To play the game, one must first deal thirteen cards face down into one packet and then turn the top card up. These cards form a reserve called the "demon", the top card of which is available for play. The next card is dealt on the first of a row of four foundations to the right of the reserve. This card is the first foundation card or base card; the remaining three (currently empty) foundations must be started with a card of the same rank as the first foundation card. Finally, one card is dealt to each of four piles which form a row under the foundations. This is the tableau and the cards remaining in the hand form the stock.

Cards on the tableau are packed in descending order and alternating color, turning the corner from Ace to King if need be; while the foundations are built up in suit sequence, wrapping from King to Ace if necessary. Cards from the stock are dealt, in packets of three and face up, to a waste pile. After each packet of three is dealt, the top card of the waste pile is played to a foundation pile or the tableau if possible and in accordance with these rules. The top card of the reserve must be used whenever possible to fill any gaps on the tableau or build on a foundation; in case the reserve is used up, it may be filled from cards from the waste pile. Cards may be moved between tableau piles either individually or as a complete sequence, provided the entire column is moved.

One can make unlimited re-deals as long as there are moves, although Richard Canfield himself restricted the number of times that gamblers could re-deal the stock.

The game is won when all cards are placed in the foundations.

==Variants==
Some variants of the game include:

- Chameleon, where the reserve only has 12 cards, and there are only three tableau columns. Building in the tableau is down, regardless of suit, and the stock is dealt one at a time with no redeals. All or any cards may be moved from the end of one tableau pile to another.
- Rainbow, in which the tableau builds down regardless of suit. Cards are turned one at a time and no redeals are allowed (in some sources one can deal from the stock one card at a time and two redeals are allowed in this game).
- Selective Canfield, where one can deal five cards right after the reserve is dealt. One can place any one of these five into the foundations and the remaining four cards become the tableau.
- Storehouse (Reserve or Thirteen Up), in which one should remove the deuces (twos) and place them on the foundations. The reserve and the cards on the tableau are then dealt. The stock is dealt one card at a time, and it can be used only twice. Furthermore, the method of building in this game is by suit. The Storehouse variant makes the game easier than Canfield.
- Superior Canfield, where the entire reserve is visible, and gaps can be filled by any card, not just those from the reserve.
- Eagle Wing (Thirteen Down): similar to Storehouse.
- Variegated Demon: double pack game in which Aces are always the base cards and there is a tableau of five cards. Sequences or single cards may be moved and there are two redeals.
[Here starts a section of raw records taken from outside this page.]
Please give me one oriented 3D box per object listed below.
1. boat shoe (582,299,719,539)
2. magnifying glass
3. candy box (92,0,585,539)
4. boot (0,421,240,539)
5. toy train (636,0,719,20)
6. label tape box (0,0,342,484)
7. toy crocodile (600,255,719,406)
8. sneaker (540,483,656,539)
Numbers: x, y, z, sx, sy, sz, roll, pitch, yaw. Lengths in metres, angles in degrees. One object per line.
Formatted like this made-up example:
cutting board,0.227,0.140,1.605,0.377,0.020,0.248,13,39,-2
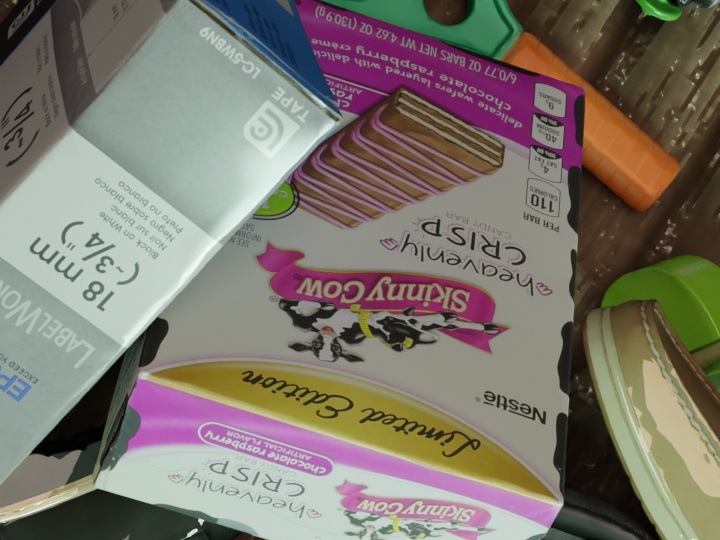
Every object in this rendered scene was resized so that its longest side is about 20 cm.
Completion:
boat shoe,0.147,0.088,0.721,0.066,0.074,0.200,-31,97,19
magnifying glass,0.038,-0.095,0.801,0.200,0.022,0.080,40,80,-3
candy box,0.000,0.000,0.710,0.136,0.061,0.200,17,44,-9
boot,-0.069,0.119,0.744,0.200,0.077,0.138,-13,93,1
toy train,0.054,-0.162,0.790,0.200,0.042,0.056,33,37,-8
label tape box,-0.102,-0.020,0.667,0.063,0.144,0.200,37,104,-24
toy crocodile,0.159,0.081,0.787,0.062,0.068,0.200,-30,96,33
sneaker,0.105,0.142,0.746,0.200,0.112,0.073,37,83,-5
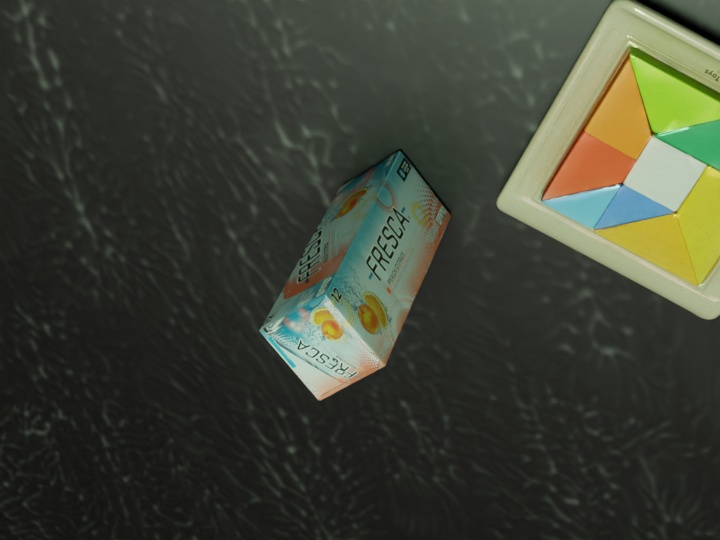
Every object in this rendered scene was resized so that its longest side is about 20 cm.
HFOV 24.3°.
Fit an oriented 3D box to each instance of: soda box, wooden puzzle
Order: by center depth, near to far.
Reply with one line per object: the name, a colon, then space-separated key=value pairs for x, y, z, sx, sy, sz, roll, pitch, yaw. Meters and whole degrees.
wooden puzzle: x=0.213 y=-0.070 z=1.168 sx=0.184 sy=0.037 sz=0.201 roll=27 pitch=127 yaw=-2
soda box: x=0.000 y=0.000 z=1.181 sx=0.063 sy=0.200 sz=0.069 roll=-29 pitch=109 yaw=31
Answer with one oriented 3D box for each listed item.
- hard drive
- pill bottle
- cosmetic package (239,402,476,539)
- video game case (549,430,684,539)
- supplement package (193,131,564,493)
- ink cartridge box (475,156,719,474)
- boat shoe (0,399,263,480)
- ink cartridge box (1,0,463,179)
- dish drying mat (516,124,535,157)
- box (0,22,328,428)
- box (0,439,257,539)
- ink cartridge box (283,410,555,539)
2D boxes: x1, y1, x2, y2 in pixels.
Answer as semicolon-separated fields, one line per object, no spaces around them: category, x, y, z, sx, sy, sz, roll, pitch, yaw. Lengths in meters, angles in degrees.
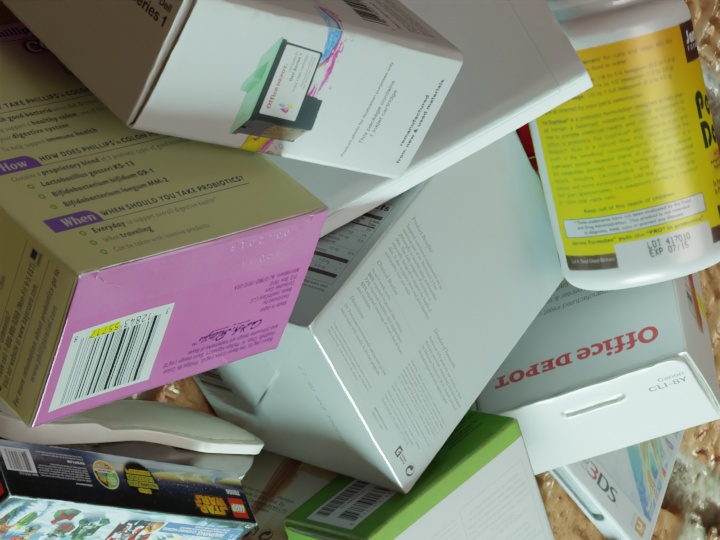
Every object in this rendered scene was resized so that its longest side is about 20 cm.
hard drive;0.017;-0.112;1.438;0.200;0.132;0.026;-29;152;2
pill bottle;0.155;-0.096;1.487;0.109;0.109;0.200;-22;103;-44
cosmetic package;-0.009;0.134;1.586;0.200;0.087;0.103;-51;132;-28
video game case;0.175;0.074;1.765;0.182;0.022;0.200;49;46;-29
supplement package;0.000;0.000;1.509;0.200;0.150;0.152;-52;134;-26
ink cartridge box;0.147;0.019;1.625;0.083;0.145;0.200;52;26;-46
boat shoe;-0.142;0.112;1.440;0.200;0.072;0.060;6;101;-47
ink cartridge box;-0.069;-0.129;1.298;0.200;0.145;0.084;9;117;-46
dish drying mat;0.132;-0.181;1.717;0.077;0.018;0.200;-15;113;-46
box;-0.154;-0.033;1.267;0.176;0.200;0.097;-17;138;-46
box;-0.172;0.154;1.374;0.200;0.137;0.040;14;45;-50
ink cartridge box;0.053;0.208;1.537;0.148;0.076;0.200;-35;118;-35
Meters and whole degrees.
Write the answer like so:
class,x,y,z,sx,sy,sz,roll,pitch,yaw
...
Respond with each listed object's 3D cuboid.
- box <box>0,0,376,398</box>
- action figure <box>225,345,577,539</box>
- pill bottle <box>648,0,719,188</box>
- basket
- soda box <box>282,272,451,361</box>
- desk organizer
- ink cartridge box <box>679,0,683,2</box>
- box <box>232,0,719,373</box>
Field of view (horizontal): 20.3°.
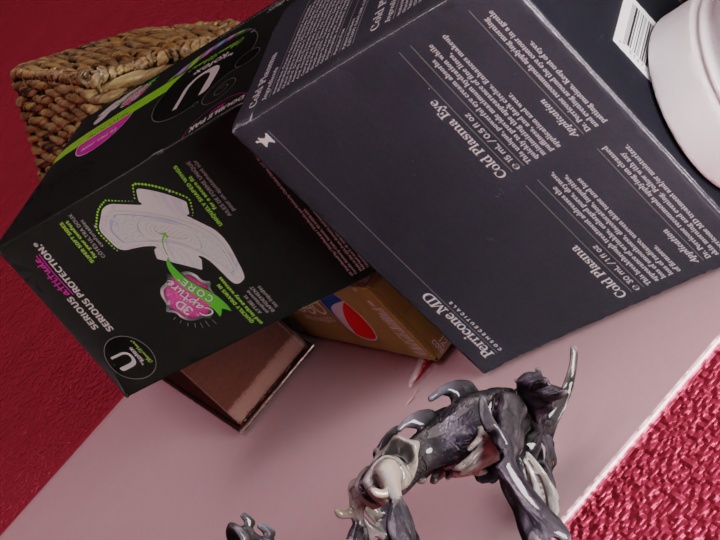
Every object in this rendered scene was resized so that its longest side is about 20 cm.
class,x,y,z,sx,sy,sz,roll,pitch,yaw
box,-0.080,-0.047,1.155,0.199,0.125,0.149,-26,24,31
action figure,0.034,0.112,0.899,0.199,0.103,0.119,-28,2,-31
pill bottle,0.234,-0.116,0.900,0.199,0.113,0.114,-27,28,38
basket,-0.135,-0.084,1.370,0.142,0.150,0.200,-19,13,-22
soda box,0.000,0.000,1.192,0.068,0.064,0.200,-50,22,-15
desk organizer,-0.112,0.035,1.316,0.072,0.077,0.200,-49,22,-9
ink cartridge box,0.104,-0.180,1.184,0.199,0.146,0.084,-28,72,35
box,0.074,-0.073,1.001,0.181,0.200,0.105,-27,30,38
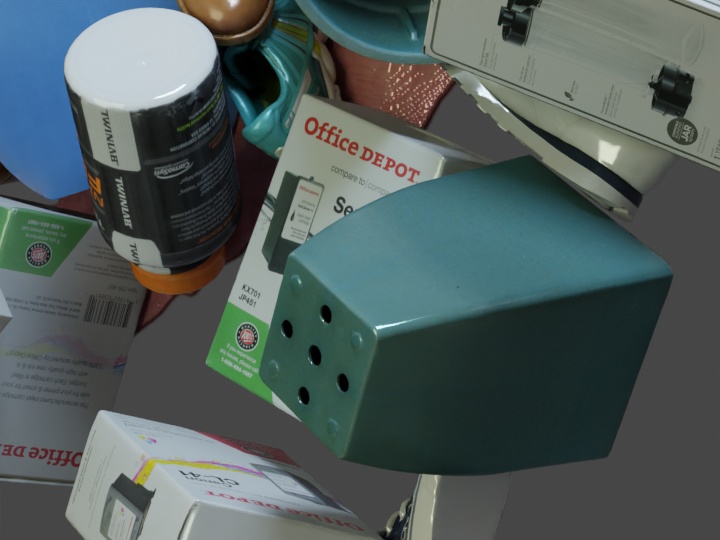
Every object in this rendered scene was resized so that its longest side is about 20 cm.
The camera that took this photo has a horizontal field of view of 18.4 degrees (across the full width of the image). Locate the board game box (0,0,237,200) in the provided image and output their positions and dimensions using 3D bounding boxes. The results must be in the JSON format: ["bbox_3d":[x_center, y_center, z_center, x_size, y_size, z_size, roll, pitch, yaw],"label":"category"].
[{"bbox_3d":[-0.188,-0.146,1.629,0.039,0.199,0.159,-170,62,-78],"label":"board game box"}]

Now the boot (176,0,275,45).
[{"bbox_3d":[-0.091,-0.269,1.503,0.076,0.155,0.201,4,63,0],"label":"boot"}]

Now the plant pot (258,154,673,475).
[{"bbox_3d":[0.051,0.034,1.316,0.141,0.200,0.142,42,128,38],"label":"plant pot"}]

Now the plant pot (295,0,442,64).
[{"bbox_3d":[0.026,-0.264,1.414,0.200,0.200,0.196,-55,29,21],"label":"plant pot"}]

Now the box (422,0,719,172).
[{"bbox_3d":[0.143,-0.148,1.288,0.199,0.060,0.117,22,139,13],"label":"box"}]

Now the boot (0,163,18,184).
[{"bbox_3d":[-0.266,-0.143,1.671,0.200,0.155,0.077,-50,62,32],"label":"boot"}]

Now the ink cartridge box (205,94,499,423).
[{"bbox_3d":[0.000,0.000,1.472,0.146,0.083,0.201,26,99,42],"label":"ink cartridge box"}]

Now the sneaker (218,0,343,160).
[{"bbox_3d":[-0.065,-0.160,1.560,0.077,0.080,0.200,-39,51,30],"label":"sneaker"}]

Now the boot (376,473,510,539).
[{"bbox_3d":[0.032,0.175,1.418,0.090,0.073,0.201,9,85,45],"label":"boot"}]

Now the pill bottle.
[{"bbox_3d":[-0.139,-0.075,1.546,0.106,0.106,0.200,46,154,38],"label":"pill bottle"}]

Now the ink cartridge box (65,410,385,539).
[{"bbox_3d":[-0.089,0.168,1.440,0.200,0.147,0.086,27,100,63],"label":"ink cartridge box"}]

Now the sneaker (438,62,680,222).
[{"bbox_3d":[0.124,-0.111,1.396,0.200,0.076,0.081,41,98,35],"label":"sneaker"}]

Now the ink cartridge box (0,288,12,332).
[{"bbox_3d":[-0.317,0.023,1.569,0.115,0.068,0.200,-48,50,26],"label":"ink cartridge box"}]

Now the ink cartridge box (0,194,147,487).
[{"bbox_3d":[-0.250,0.051,1.650,0.087,0.145,0.201,18,95,44],"label":"ink cartridge box"}]

Other closely related solitaire games include Duchess and the two-deck game American Toad. Beehive is a much simpler solitaire game that uses a Storehouse layout, but requires players to match cards of the same value, and is geared towards children.

Racing Demon, an English game known as Nerts or Pounce in the US, is a real-time variation of Canfield that enables the game to be played competitively between multiple players. It was the inspiration for the commercially produced Dutch Blitz and Ligretto.

==Solvability==

Under the standard rules using a three card draw, Canfield cannot be completed successfully very often.

Running a computer solver on 50,000 random Canfield deals has shown that about 71% of all games are winnable. In the average game, 39.9 cards were able to be moved to the foundation. Because the reserve cards are hidden, and because the three-at-a-time dealing of cards from the stock means that cards played early in the game can impact which stock cards are available much later, it is very difficult by normal playing standards to come anywhere near theoretically possible win rates. This would make it plausible for expert-level players to claim win rates of around 35%.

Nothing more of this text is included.